Sudha Krishnamurthy, PhD

To date, Gladstone’s PUMAS program has helped propel more than 80 community college students toward advanced education and scientific careers.

“We’re a small program but we have a big impact,” says Krishnamurthy. “I think one of our strengths is that we personalize the experience for the interns, we check on them often during the summer, and keep in touch afterward. We still track interns who graduated years ago. Some alumni return to work in our labs, providing incoming students a ‘face that looks like me.’ One has joined a PUMAS advisory committee. As I said, we are contributing to diversity in science in a small but impactful way.”

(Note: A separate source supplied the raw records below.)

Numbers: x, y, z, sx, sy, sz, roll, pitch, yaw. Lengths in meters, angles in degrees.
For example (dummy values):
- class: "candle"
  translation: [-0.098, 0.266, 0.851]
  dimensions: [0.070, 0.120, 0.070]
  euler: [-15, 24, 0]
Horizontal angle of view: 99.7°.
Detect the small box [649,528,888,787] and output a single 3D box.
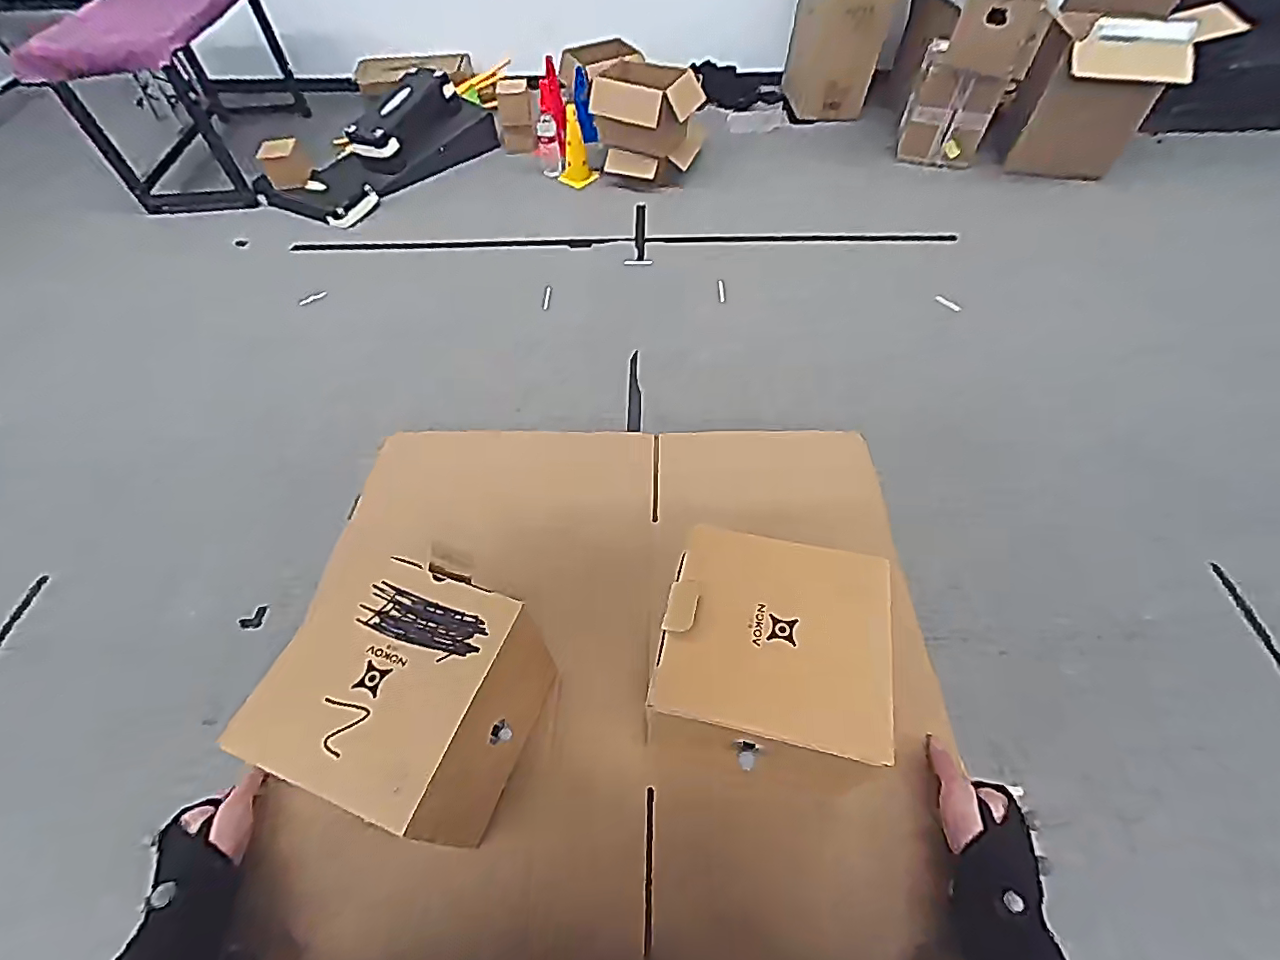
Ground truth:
- class: "small box"
  translation: [0.116, 0.170, 0.505]
  dimensions: [0.179, 0.176, 0.168]
  euler: [9, 54, 12]
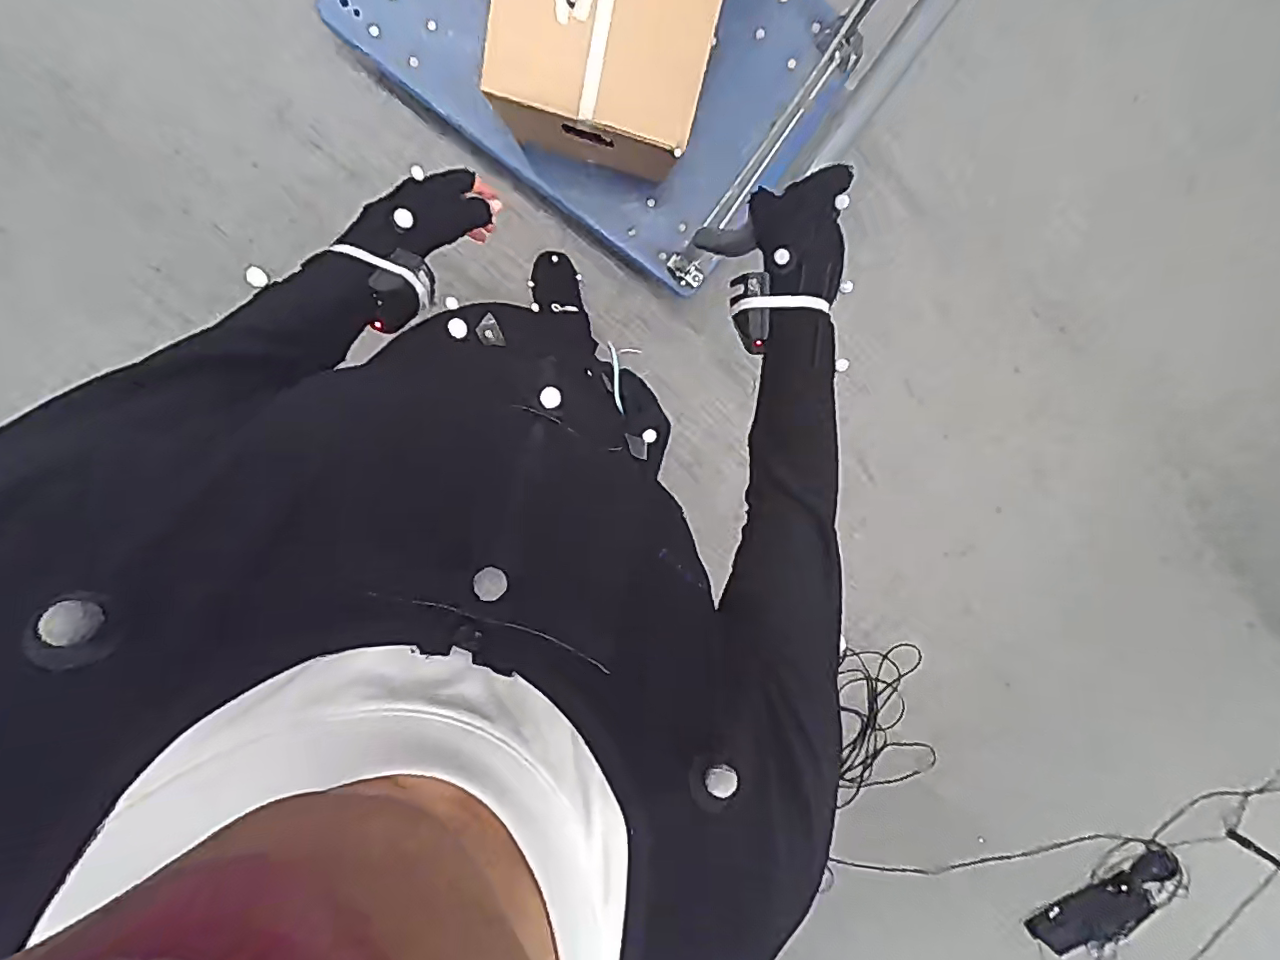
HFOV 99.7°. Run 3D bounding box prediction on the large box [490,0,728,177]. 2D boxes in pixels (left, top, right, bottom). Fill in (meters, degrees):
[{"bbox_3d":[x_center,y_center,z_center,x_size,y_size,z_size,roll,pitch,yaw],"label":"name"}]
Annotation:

A few years after his internship, Richmond-Buccola spoke at a Pantheon Awards ceremony hosted by the California Life Sciences Association. Gladstone had been recognized as a top Biotechnology Educator for its PUMAS program and Richmond-Buccola eloquently emphasized its value in his speech: “When we choose to lift up underrepresented students, we help transform them into role models for the next generation of scientists and thinkers. Gladstone shared with me this responsibility.”

As the PUMAS program enters its second decade, fueled by a five-year grant renewal that will support as many as 60 more interns through 2028, Krishnamurthy and her team are already scouting for the next cohort of summer interns. Undiscovered scientific talent resides just outside Gladstone’s doors and she and her team are ready to welcome motivated students inside and equip them for success.